Retail sales rose by 0.6% in March as consumer spending rebounded from a soft start to he year—driven by motor-vehicle sales and strength among furniture and non-store retailers. Analysts tied the solid reading to a healthy job market and increased consumer take-home pay (due to the recent tax reform).
- Housing starts grew by 1.9% in March, on a pickup in multi-family home construction. However, economists said that instability in the single-family home segment could indicate a slowdown in the overall housing market, especially as builders face higher costs in the wake of recently-imposed lumber tariffs.
- Industrial production climbed by 0.5% in March. Utility production picked up 3.0% following a weather-related drop in the previous month; mining production gained 1.0%, supported by an increase in oil and natural-gas extraction. Capacity utilization, a ratio of realized-to-potential economic output, hit a three-year high.
- Oil prices jumped above $68 a barrel to their highest level in more than three years after U.S. crude inventories declined by more than expected; market participants also remained fearful of geopolitical tensions in critical oil-producing countries.

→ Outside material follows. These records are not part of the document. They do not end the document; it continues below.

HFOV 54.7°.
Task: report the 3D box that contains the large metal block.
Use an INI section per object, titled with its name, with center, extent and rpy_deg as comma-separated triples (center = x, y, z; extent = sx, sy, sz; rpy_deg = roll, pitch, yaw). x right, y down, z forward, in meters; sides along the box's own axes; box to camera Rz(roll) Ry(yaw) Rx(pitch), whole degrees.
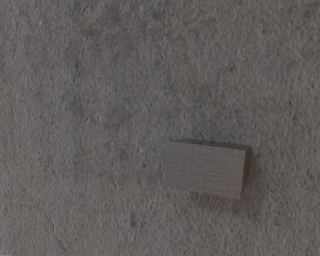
[large metal block]
center = 0.058, 0.043, 0.359
extent = 0.080, 0.080, 0.050
rpy_deg = 6, 92, 19
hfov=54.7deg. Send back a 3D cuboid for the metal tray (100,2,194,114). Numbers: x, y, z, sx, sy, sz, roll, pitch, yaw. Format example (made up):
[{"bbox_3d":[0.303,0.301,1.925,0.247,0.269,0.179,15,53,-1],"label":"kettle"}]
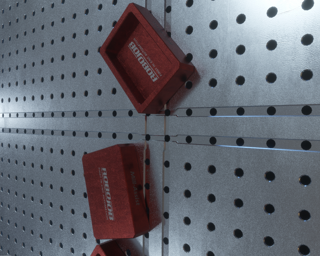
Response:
[{"bbox_3d":[-0.023,-0.094,0.423,0.090,0.030,0.130,-48,62,29],"label":"metal tray"}]

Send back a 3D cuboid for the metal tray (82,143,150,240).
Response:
[{"bbox_3d":[-0.068,0.095,0.460,0.090,0.030,0.129,-18,79,38],"label":"metal tray"}]

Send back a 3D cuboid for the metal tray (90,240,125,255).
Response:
[{"bbox_3d":[-0.085,0.249,0.473,0.090,0.030,0.129,44,116,31],"label":"metal tray"}]
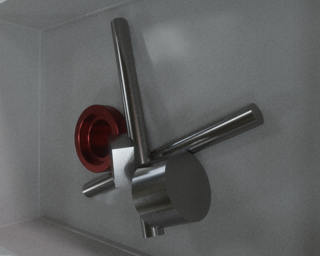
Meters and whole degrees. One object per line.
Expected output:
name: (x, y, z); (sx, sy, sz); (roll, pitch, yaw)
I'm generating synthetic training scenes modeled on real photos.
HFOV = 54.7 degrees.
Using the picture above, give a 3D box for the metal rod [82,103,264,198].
metal rod: (-0.006, 0.042, 0.408); (0.299, 0.025, 0.025); (-28, 73, 36)

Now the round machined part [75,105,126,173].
round machined part: (-0.079, 0.015, 0.457); (0.098, 0.042, 0.097); (0, 90, 39)

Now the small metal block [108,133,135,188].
small metal block: (-0.048, 0.039, 0.389); (0.050, 0.025, 0.050); (-130, 36, -66)

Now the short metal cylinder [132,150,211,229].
short metal cylinder: (0.014, 0.071, 0.356); (0.050, 0.081, 0.080); (-25, 75, 37)

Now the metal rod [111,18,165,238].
metal rod: (-0.033, -0.013, 0.407); (0.025, 0.025, 0.299); (-24, 68, 37)
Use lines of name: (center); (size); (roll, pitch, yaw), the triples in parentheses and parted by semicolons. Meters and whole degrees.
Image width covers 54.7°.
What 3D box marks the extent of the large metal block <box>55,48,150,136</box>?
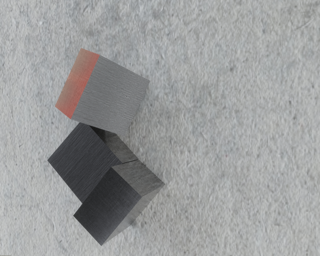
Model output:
large metal block: (-0.072, -0.044, 0.394); (0.050, 0.080, 0.080); (30, 96, 46)

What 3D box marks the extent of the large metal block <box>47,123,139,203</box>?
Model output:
large metal block: (-0.092, 0.044, 0.427); (0.080, 0.050, 0.080); (46, 104, 13)

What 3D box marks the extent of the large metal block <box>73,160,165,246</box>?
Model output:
large metal block: (-0.049, 0.091, 0.396); (0.050, 0.080, 0.080); (42, 103, 15)
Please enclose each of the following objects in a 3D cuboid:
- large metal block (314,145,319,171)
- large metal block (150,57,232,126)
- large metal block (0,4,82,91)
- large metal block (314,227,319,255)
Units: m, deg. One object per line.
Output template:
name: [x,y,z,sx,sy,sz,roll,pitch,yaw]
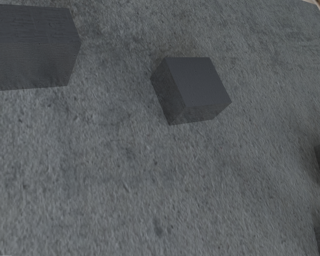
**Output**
large metal block: [0.319,0.066,0.522,0.081,0.050,0.080,15,56,-20]
large metal block: [0.043,-0.054,0.446,0.081,0.050,0.080,-8,66,-32]
large metal block: [-0.143,-0.087,0.345,0.081,0.080,0.050,-10,67,-33]
large metal block: [0.278,0.159,0.424,0.081,0.080,0.050,16,56,-20]

- The latest Federal Reserve Beige Book focused on tariff-impacted steel prices, along with small wage gains and a modest-to-moderate economic expansion that continues to support the case for two additional interest-rate increases this year.
- Initial jobless claims eased by 1,000 to 232,000 in the week ending April 14, as labor-market strength lingered near a 50-year high. The more-stable four-week moving average grew by 1,250 to 231,250. Continuing claims fell by 15,000 to 1.86 million in the week ending April 7 and hovered near a 45-year low.
- The Conference Board’s index of leading economic indicators expanded by 0.3% in March, its sixth straight monthly increase, driven by widespread component strength. The reading, used by economists to gauge the health of the U.S. economy, pointed to ongoing vitality.
- Mortgage-purchase applications jumped by 6% in the week ending April 13, Supported by housing-market strength, even as mortgage rates remained near their highest level in more than four years. Refinancing activity (which can be sensitive to even small rate changes) advanced by 4% in the same week.
- Consumer prices in the eurozone rose by 1.0% in March, driven by increased service-sector costs; the year-over-year inflation rate was 1.3%, down from 1.4% in an earlier flash report.
- U.K. retail sales fell by a worse-than-expected 1.2% in March; gasoline sales and non-food store transactions weakened as shoppers limited their travel due to unseasonably harsh weather. China’s gross domestic product expanded by 1.4% in the first quarter and by 6.8% year over year, on improved consumer spending and demand for exports.